Urban planners of the 16th century were able to design and build the city of Valletta in a grid pattern but 20th/21st century Madison is seemingly unable to do the same. Instead we get the above mish-mash of curves and cul-de-sacs which render these areas impervious to public transportation. And so sprawl will continue. But why?
No urban planner I but reading Ivey's articles gave me a clue – density. Read the articles and you'll find that towns, villages, and neighborhood groups all bitch about density. From the one on East Washington:
"Just how far east-siders are willing to go is up in the air. Patrick McDonnell, new president of the Tenney-Lapham Neighborhood Association, has weighed in against greater density."
From the article on Weston Place:
"'Horeb's Corners' was to create a new front door to Mount Horeb from U.S. 18-151. The plan included 200 residential units, retail shops, offices and a commercial business park envisioning a new urbanism style where residents could easily walk to stores and businesses. But the project failed to draw support from the village board, was criticized for being too dense and was eventually abandoned."
"'The idea was to make it more of an urban feel, a small hub for the area, as opposed to a big old box with a parking lot wasteland,' said Frautschi, who has served on the Yahara Lakes Association, Friends of Pheasant Branch and the National Trust for Historic Preservation.
While that Kmart site drew early support from Vern Kempfer, president of the Mayfair Park Neighborhood Association, it ran into opposition from neighbors and planners concerned about the density."
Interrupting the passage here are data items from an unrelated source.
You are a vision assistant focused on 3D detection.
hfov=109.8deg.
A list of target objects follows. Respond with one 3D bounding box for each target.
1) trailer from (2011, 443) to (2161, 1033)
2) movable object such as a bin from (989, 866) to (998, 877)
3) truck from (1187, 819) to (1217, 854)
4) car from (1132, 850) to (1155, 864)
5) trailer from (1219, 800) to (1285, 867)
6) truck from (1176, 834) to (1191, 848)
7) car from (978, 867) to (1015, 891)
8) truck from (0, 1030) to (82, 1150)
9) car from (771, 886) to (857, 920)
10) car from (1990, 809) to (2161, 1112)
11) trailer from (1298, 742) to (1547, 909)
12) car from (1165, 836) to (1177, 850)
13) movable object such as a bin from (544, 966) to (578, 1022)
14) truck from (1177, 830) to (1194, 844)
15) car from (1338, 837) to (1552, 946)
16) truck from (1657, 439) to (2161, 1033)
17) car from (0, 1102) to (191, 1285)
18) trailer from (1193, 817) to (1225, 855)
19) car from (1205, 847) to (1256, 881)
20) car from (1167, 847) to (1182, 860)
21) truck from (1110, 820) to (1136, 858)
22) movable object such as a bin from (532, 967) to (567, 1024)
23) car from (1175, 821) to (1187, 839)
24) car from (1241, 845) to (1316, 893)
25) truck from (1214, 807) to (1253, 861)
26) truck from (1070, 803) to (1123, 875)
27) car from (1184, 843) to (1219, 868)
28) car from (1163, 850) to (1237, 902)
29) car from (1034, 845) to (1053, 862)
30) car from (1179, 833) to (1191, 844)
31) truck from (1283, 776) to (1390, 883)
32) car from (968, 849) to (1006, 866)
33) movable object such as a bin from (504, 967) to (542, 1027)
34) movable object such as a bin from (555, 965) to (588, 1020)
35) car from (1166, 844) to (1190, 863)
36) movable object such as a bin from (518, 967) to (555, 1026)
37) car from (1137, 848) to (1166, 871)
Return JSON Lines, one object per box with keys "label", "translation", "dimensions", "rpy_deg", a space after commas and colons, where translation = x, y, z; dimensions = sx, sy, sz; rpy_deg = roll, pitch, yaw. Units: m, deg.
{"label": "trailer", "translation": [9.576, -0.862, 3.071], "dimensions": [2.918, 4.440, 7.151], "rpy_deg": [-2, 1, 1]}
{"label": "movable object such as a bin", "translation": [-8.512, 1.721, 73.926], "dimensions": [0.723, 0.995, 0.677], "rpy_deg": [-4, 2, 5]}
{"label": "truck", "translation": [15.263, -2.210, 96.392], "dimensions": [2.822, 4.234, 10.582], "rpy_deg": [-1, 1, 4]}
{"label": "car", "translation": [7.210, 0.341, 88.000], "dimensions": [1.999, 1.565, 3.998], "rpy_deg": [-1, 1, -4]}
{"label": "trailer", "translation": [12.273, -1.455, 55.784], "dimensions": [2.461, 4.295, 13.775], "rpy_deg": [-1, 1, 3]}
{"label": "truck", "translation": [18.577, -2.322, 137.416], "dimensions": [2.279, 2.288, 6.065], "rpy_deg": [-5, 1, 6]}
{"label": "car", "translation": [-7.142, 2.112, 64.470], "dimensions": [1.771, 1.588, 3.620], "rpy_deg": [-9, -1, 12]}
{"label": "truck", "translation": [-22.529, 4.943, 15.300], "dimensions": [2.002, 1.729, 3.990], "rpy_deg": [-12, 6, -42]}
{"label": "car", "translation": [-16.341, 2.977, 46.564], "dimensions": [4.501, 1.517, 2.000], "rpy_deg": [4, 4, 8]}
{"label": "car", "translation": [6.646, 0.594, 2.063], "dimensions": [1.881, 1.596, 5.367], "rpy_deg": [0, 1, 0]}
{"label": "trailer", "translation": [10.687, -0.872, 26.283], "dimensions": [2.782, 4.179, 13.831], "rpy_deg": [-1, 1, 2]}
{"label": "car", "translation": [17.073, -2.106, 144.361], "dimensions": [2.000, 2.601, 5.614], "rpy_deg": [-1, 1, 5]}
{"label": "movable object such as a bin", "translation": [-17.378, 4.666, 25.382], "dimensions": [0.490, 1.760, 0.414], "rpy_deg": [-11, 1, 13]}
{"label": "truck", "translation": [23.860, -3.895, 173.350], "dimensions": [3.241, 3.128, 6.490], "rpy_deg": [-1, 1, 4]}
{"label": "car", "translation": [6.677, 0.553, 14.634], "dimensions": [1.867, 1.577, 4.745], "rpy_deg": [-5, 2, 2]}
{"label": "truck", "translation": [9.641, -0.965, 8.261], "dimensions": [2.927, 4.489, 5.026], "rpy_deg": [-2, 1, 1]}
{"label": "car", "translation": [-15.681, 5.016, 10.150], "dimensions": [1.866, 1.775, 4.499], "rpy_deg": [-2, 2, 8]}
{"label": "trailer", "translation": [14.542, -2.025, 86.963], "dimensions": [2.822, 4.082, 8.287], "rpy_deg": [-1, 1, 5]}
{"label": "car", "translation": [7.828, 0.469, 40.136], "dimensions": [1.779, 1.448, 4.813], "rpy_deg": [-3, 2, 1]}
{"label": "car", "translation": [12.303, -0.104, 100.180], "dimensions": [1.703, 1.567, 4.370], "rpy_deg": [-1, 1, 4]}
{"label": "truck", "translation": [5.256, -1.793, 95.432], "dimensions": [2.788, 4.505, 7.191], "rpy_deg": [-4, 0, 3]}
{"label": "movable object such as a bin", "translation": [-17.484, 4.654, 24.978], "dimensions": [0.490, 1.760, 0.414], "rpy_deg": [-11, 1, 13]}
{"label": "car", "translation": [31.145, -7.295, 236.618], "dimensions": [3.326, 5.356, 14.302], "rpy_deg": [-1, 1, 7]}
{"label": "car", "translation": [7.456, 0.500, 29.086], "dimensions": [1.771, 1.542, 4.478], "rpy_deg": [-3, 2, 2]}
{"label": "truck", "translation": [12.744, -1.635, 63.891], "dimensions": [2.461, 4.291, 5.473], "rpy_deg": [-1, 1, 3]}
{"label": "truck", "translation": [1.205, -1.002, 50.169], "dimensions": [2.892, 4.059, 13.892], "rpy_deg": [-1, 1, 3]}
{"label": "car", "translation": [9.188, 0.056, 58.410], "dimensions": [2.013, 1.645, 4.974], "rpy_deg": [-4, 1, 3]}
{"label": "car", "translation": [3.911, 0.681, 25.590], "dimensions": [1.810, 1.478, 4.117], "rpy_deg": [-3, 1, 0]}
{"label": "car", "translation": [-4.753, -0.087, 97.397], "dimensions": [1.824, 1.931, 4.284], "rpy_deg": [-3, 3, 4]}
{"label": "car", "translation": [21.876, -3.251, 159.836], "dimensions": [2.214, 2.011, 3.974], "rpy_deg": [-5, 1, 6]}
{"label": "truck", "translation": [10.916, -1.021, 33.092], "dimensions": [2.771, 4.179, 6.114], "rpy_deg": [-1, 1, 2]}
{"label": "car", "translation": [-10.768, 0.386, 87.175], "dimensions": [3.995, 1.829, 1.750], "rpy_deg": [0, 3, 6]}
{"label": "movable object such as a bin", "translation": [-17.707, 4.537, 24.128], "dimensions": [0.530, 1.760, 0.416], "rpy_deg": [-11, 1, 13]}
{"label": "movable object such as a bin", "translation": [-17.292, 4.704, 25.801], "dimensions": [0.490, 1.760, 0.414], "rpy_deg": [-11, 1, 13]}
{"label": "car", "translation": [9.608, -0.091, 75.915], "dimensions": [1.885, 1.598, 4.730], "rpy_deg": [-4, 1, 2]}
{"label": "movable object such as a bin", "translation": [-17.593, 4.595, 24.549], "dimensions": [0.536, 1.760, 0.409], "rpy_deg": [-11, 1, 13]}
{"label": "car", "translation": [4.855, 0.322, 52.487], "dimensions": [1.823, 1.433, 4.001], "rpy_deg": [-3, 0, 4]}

I have a sneaking suspicion that a lot of these people who cry "too dense!" are also not particularly enthusiastic about sprawl. Yet it would seem that, when these people speak out against and/or help defeat proposals that are too large for their tastes, they are encouraging and perhaps hastening more subdivisions where, if I may paraphrase Chris Hedges, there are no community rituals, no community centers, often there are no sidewalks. People live in empty soulless houses and drive big empty cars on freeways to Madison and sit in vast offices and then come home again. Personally, I think the city should tell developers who won't build in a grid pattern and refuse to put in sidewalks to go fuck themselves. This brings to mind the developments north of the American Family business park. I have a friend who had a house there. It wasn’t a bad house excepting that the exterior was exactly the same as those surrounding it. I can did some housesitting for my friend and I can say that the neighborhood was as Hedges described – soulless. I'm sure there were lots of wonderful folks around but I never met any of them. I only ever saw them when they were leaving for or coming home from work. They'd drive by me, pull into their garages, and disappear.
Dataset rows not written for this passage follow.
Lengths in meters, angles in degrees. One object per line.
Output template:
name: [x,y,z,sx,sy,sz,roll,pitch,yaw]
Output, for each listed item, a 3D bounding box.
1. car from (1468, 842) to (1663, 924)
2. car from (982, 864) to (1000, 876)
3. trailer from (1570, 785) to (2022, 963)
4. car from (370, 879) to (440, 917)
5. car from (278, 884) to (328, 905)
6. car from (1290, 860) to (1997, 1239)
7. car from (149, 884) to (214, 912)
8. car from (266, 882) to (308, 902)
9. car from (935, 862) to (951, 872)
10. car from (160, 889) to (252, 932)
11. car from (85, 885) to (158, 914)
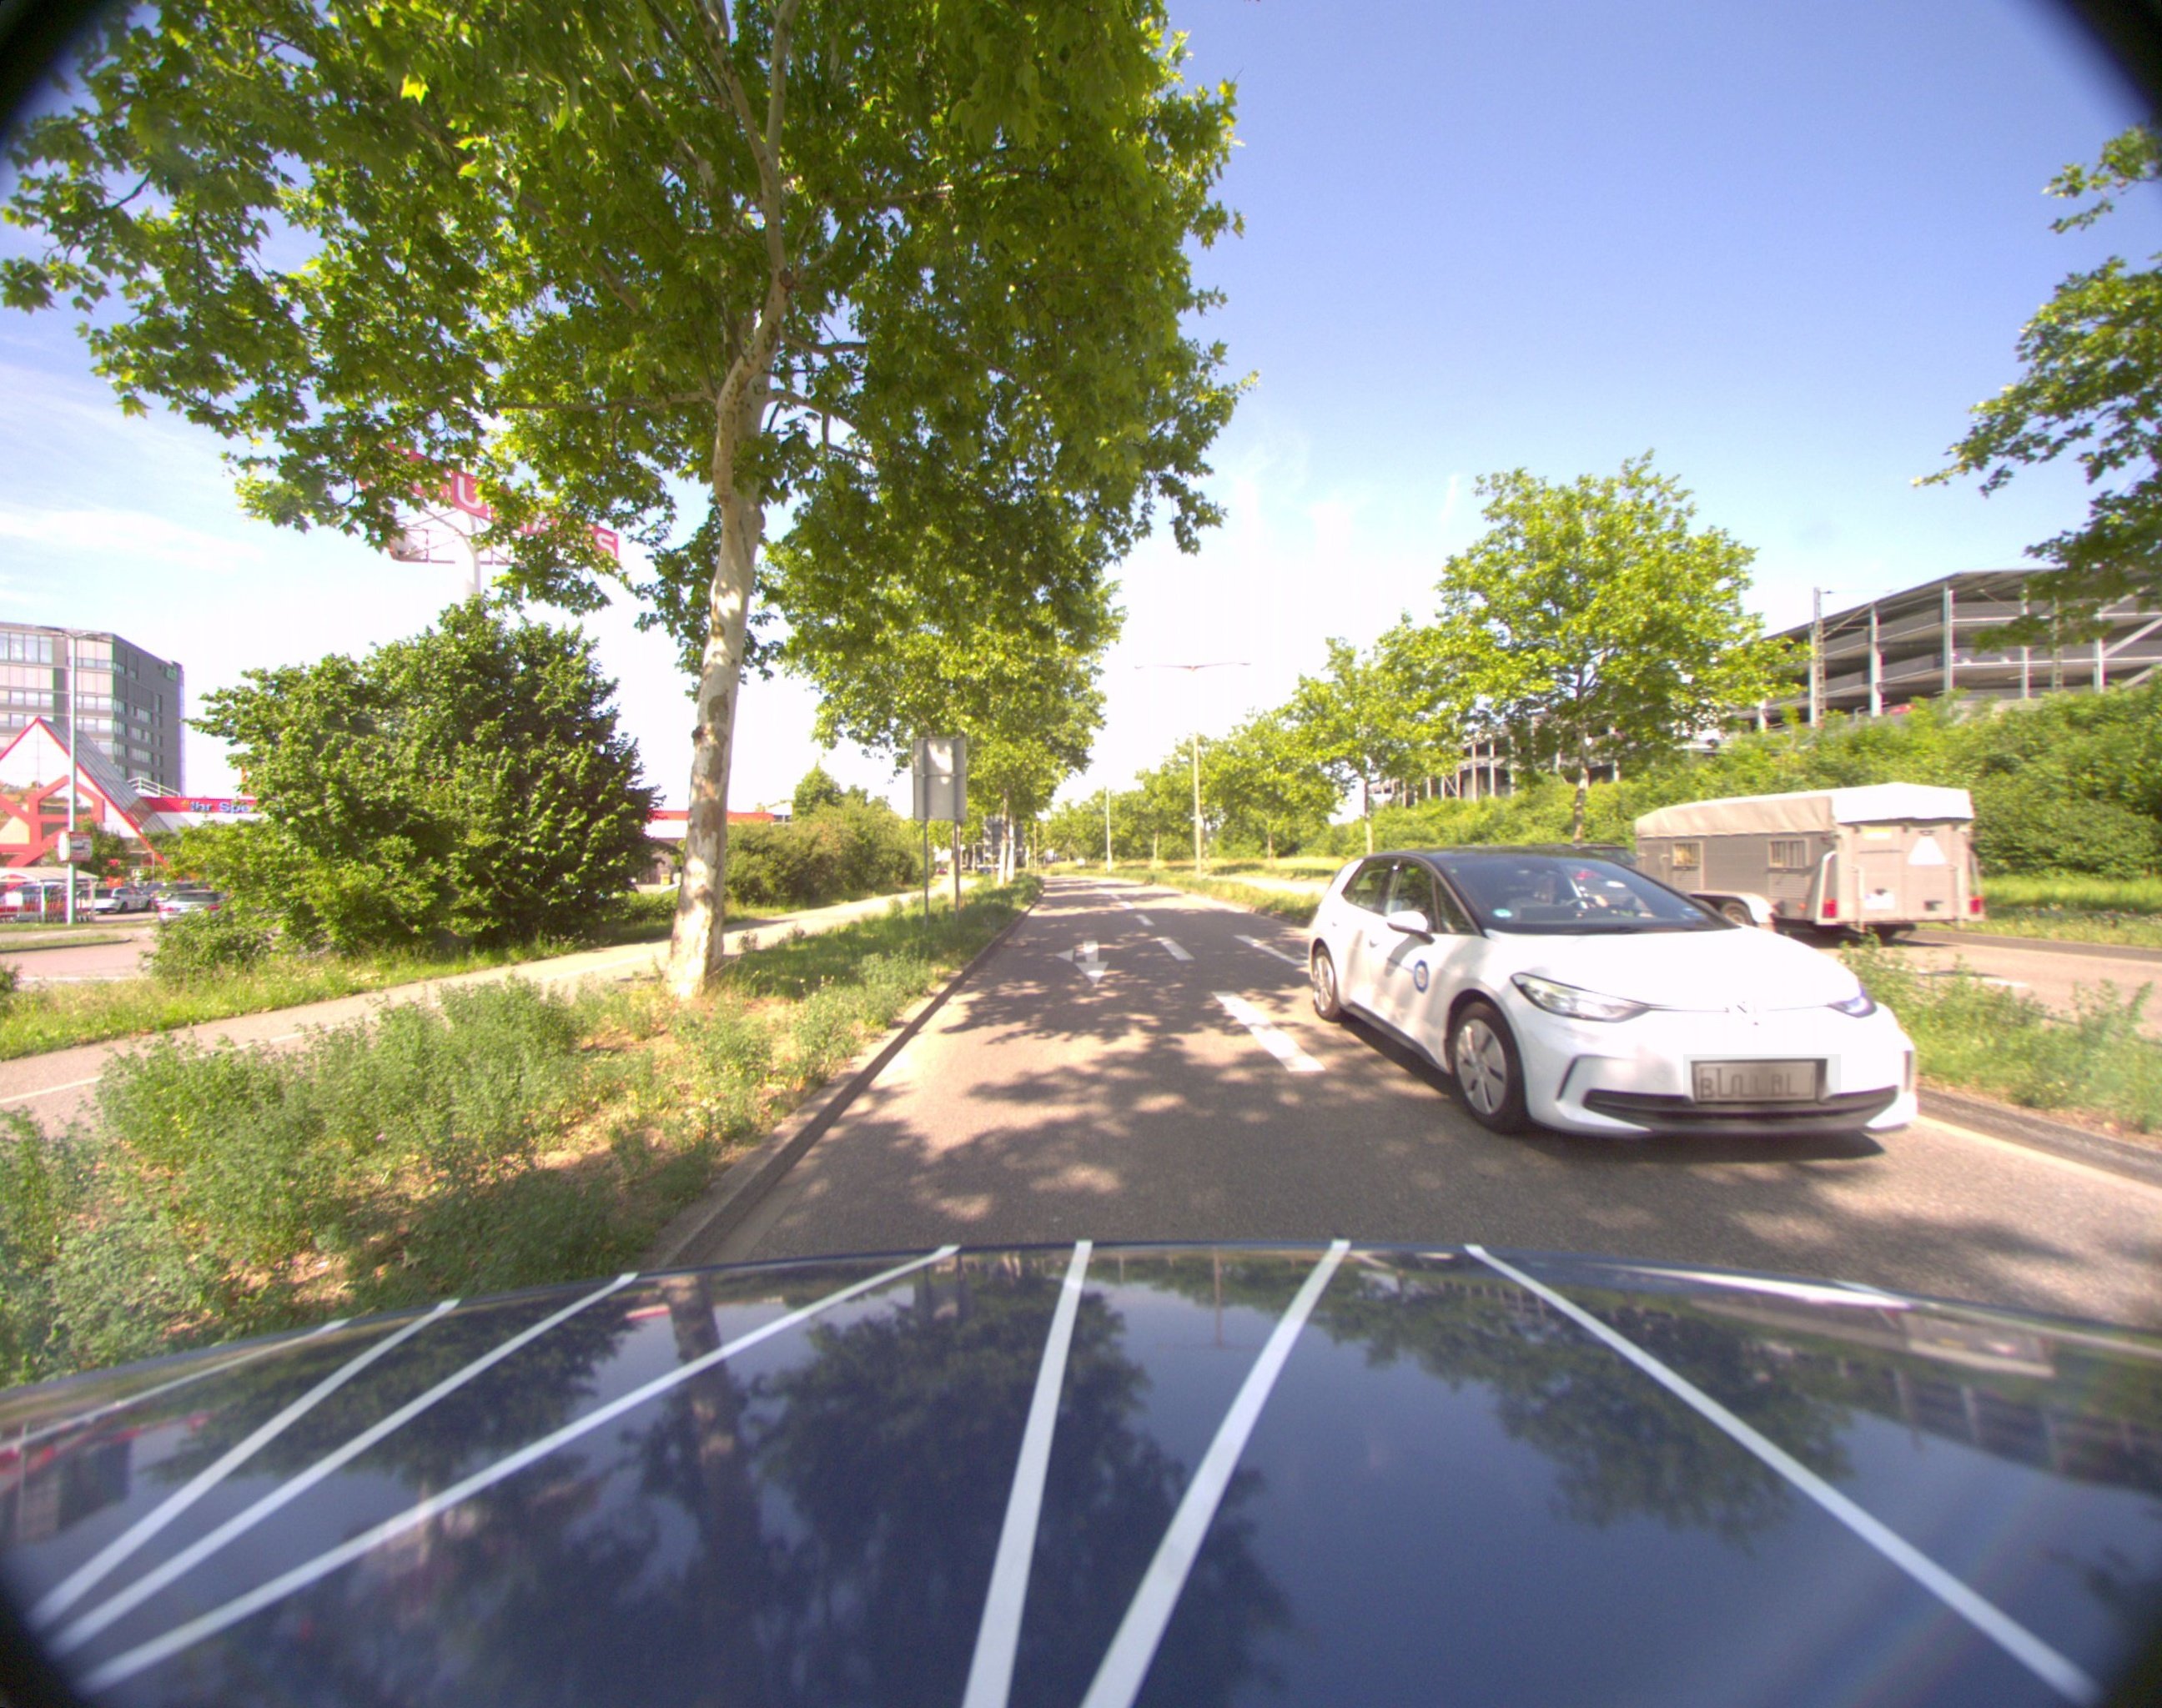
car: [10.840,0.568,17.422,1.719,1.612,4.360,-1,0,1]
car: [-12.326,2.125,103.781,1.724,1.575,3.749,-2,0,-17]
trailer: [11.041,0.241,12.604,2.314,2.252,5.538,-1,0,1]
car: [-31.437,2.002,35.441,2.004,1.499,3.989,-2,0,-36]
car: [-46.519,2.404,45.488,1.521,1.053,3.179,-3,1,-36]
car: [2.963,0.848,5.320,1.824,1.512,4.208,-2,0,0]
car: [-50.485,2.446,42.720,1.572,1.371,3.610,-2,0,-37]
car: [-60.092,2.820,57.542,1.572,1.371,3.610,-2,0,-37]
car: [-24.452,2.268,134.291,1.652,1.592,3.596,-2,0,-28]
car: [-35.886,2.273,31.270,1.784,1.477,3.779,-2,0,-39]
car: [-51.856,2.407,41.136,1.572,1.371,3.610,-2,0,-37]

Ivey refers to "no-growth types". With Madison's population increasing each year by 2,500-3,000 people, one has to wonder just how long a no-growth position will be tenable. Are these folks just following the NIMBY principle or are they following some quixotic dream of keeping Madison as it was before 1996 when Money magazine named it the best whatever kind of city? Perhaps there is some middle ground that these people would agree to but upon which the articles don't elaborate. I'd like to see more density in the city along major bus routes as opposed to throwing up sterile subdivisions out in the middle of nowhere where you have to drive if you want to visit your next door neighbor. East Wash needs more development, not only to make the city denser, but also because it is one of the ugliest boulevards in all of Madison. It's appalling right from the start when you get off the interstate. No amount of new pavement, fancy light fixtures, or new bus shelters is going to make the malls, car dealerships, and lumber yard aesthetically appealing. If views of the Capitol have to go, so be it.
In his new book, Stu Levitan outlines how planning decision made decades ago affect us today in 2007. The same is true today. Decisions made now are going to affect residents who aren't even born yet.
2 comments:
This is a total fallacy that somehow that family that was going to build a new house in the cornfield would move downtown into the 15 story condo tower if only the neighborhood wouldn't have let that poor developer build it.
It's mostly separate markets, people that are gobbling land on the periphery, and people mulling moving downtown. If anything, a bigger downtown by itself will promote more sprawl. Regional growth is not a zero sum game.
It's unfair to say that downtown has to bear all the density burden. If we agree that we don't like Edward Scissorhands streets, then why don't we make these developers accountable for the crap they're platting out there? The city should mandate rectilinear street systems on all new plats. Outlaw "megablocks"
The answer to the problem of bad development on the periphery, is not to promote bad development downtown. All these people Ivey is talking to are not anti-growth, they're anti-crap.
I never said that sprawl can be eliminated. The city is going to spread out for a while I would imagine. Madison has parcels of the Town of Burke coming to it.
I didn't mean to imply that downtown must bear all the density and it's not. Union Corners is going up and I can imagine that it won't be long before the farmland on Milwaukee Street becomes developed. But, for these downtown folks whom you claim to be anti-crap and not anti-growth, how much density will they put up with? In one of those articles, the quote was purely about size and not design. It wasn't a complaint that a particular 15-story building was crap, If you're right, then it was a complaint that all 15-story buildings are crap.